The government says this will bring Greece's budget deficit back below the key 3 percent level within three years and says, in 2010 alone, the deficit will be shaved by 4 percentage points to leave it below 9 percent of GDP.
If they achieve these goals, then it will be a stunning achievement, but the problem is as simple as that posed by the ancient Spartans in the face of overwhelming enemies – IF.
Recipe for Massive Deflation?
RBS's Alan Ruskin last week laid bare the Olympian heights the Greeks will have to climb if they are to succeed:
"…there are very few examples of a developed country achieving anything like an improvement on the cumulative scale of 10 percent of GDP in 3 years…I can find no data in the last 35 years where an OECD country has come close…not least through fiscal austerity that starts in the middle of a recession!"
In addition, Ruskin points to huge unintended consequences:
"The austerity package with tight monetary policy is a simple recipe for massive deflation. If credibility is an issue, ask how the Greek population is likely to take to this unprecedented adjustment? Not kindly I would suggest."
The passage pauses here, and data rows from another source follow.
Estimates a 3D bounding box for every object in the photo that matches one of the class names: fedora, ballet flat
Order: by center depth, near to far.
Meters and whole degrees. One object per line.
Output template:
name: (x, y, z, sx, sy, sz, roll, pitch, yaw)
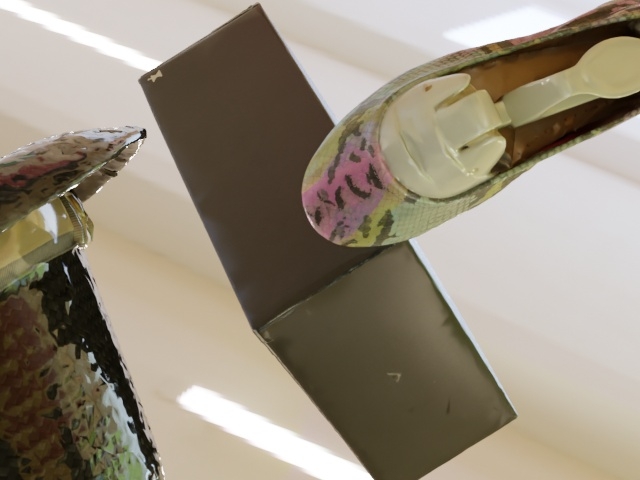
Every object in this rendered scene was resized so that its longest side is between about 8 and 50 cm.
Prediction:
fedora: (-0.164, 0.089, 0.573, 0.152, 0.334, 0.334, 57, -155, -4)
ballet flat: (0.094, -0.065, 0.692, 0.221, 0.077, 0.079, -24, -179, -11)

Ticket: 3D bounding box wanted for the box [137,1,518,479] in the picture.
box: (0.000, 0.000, 0.889, 0.184, 0.103, 0.261, 52, -174, -43)

So Greece has set in motion plans to rectify the ills of the economy but will it, like Atlas, have to stand alone with the world on its shoulders?
Yes, according to Jean-Claude Trichet. The ECB President last week harshly pronounced: "No Government or state can expect from us any special treatment," adding later on: "We will not change our collateral framework for the sake of any individual country."
But is Monsieur Trichet's hardball stance just an opening gambit in what will be a prolonged high stakes game of poker with the credibility of the whole Euro project on the table?
Many commentators believe the euro zone and the wider EU cannot afford a Greek default for fears that the markets will turn their attention to the likes of Portugal, Spain, Ireland and beyond. The domino theory is alive and well.
So Greece's rehabilitation is, despite all the anger at the past statistical inaccuracies and the rhetoric condemning the country to its own fate, a bigger collegiate affair.
In classical terms it is going to be akin to the cleaning of the Augean stables, a messy, mucky task of Herculean proportions. And in similarity to Hercules, time is ticking for our central character. He had only one day, Greece has not much more to regain its credibility and slay the markets.